▶ [WHAT IS REQUIRED] Look over the lines below. Report each one that includes the string "agent".

▶ [DATA SHOWN]
******************************

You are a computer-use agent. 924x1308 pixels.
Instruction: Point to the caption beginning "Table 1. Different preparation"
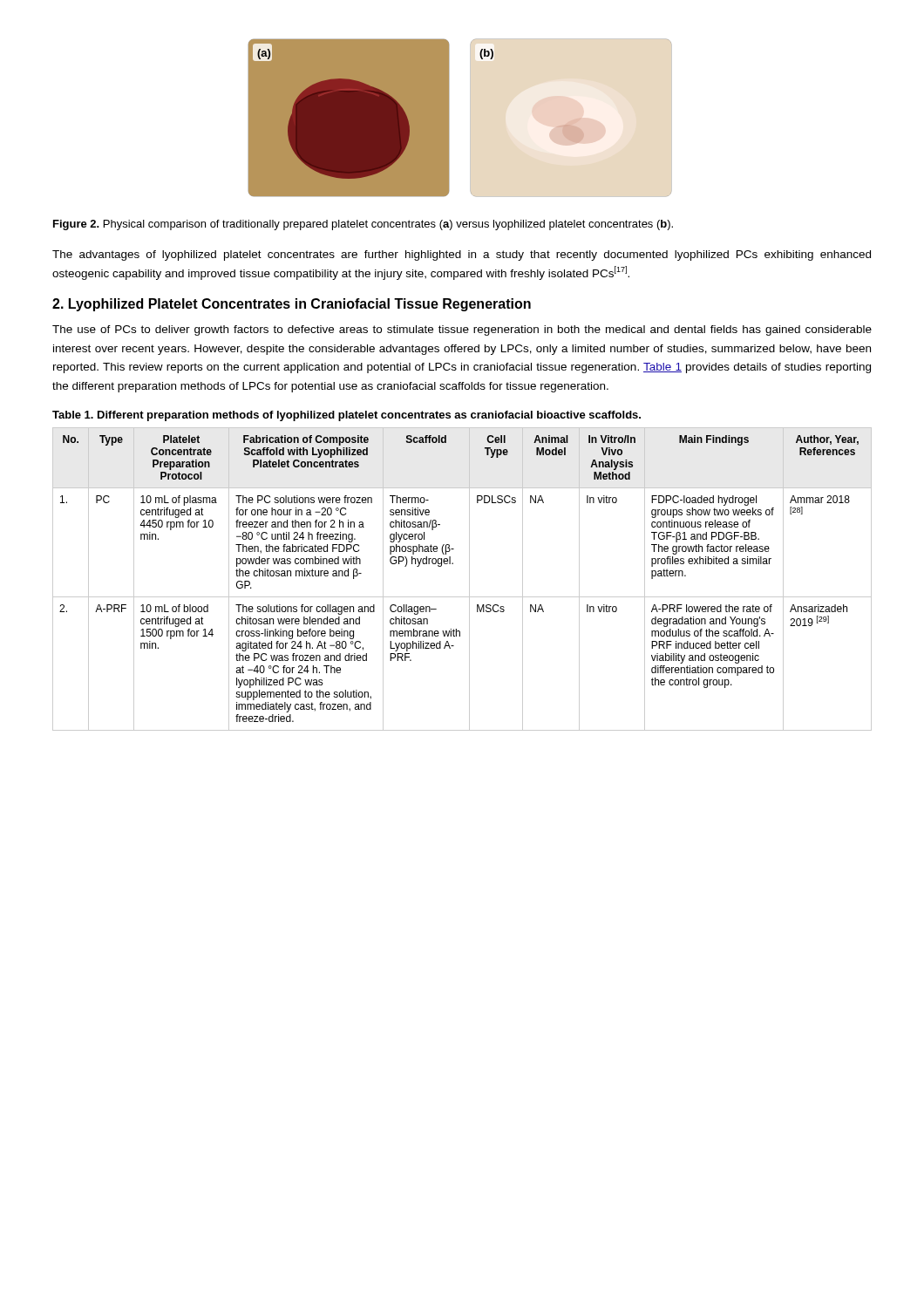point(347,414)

******************************

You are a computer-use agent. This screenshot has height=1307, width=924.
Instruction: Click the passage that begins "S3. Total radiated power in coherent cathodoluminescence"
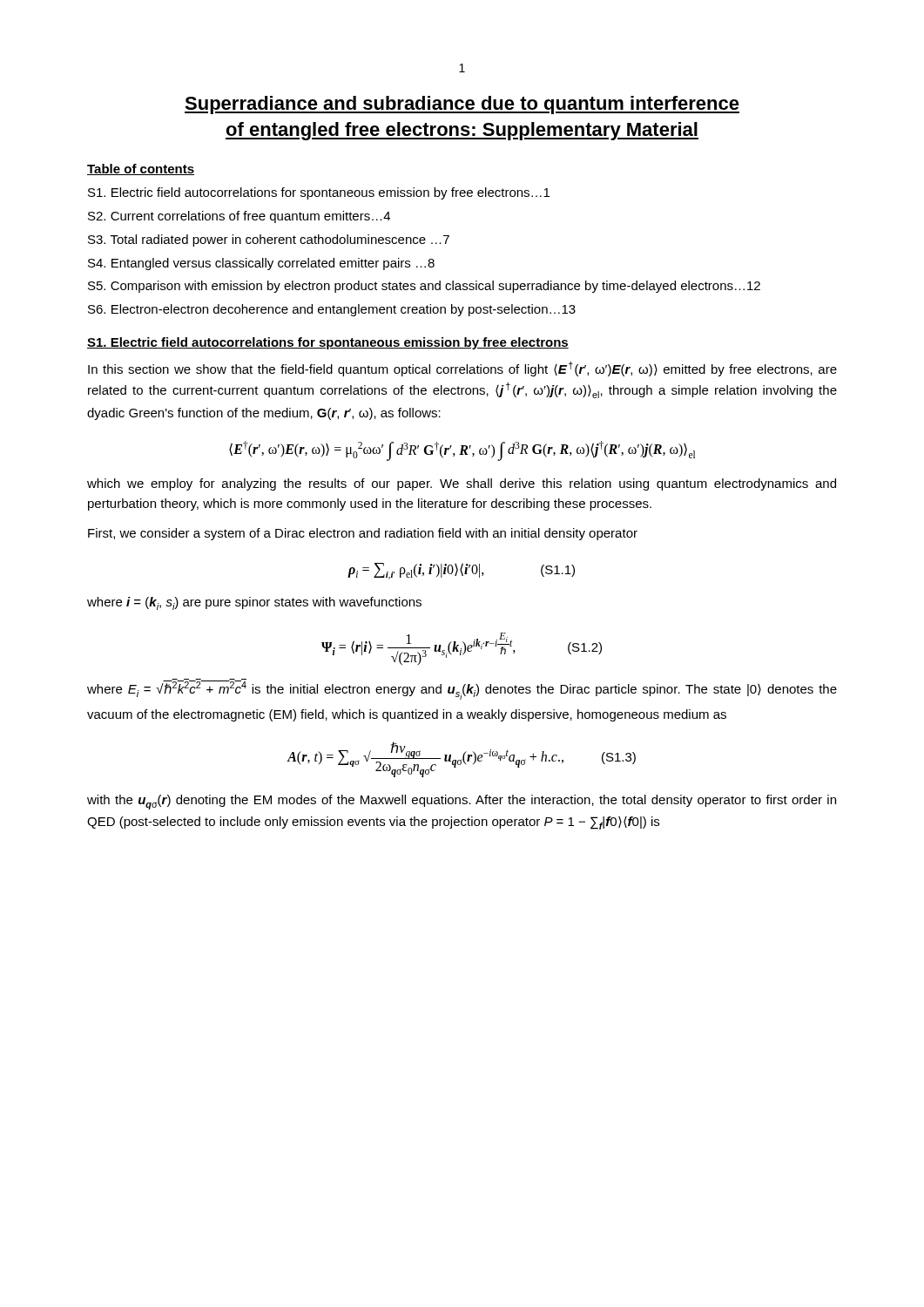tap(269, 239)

******************************

▶ [ANSWER FOR THE TASK]
You are a computer-use agent. 924x1308 pixels.
You are a computer-use agent. This screenshot has height=1307, width=924.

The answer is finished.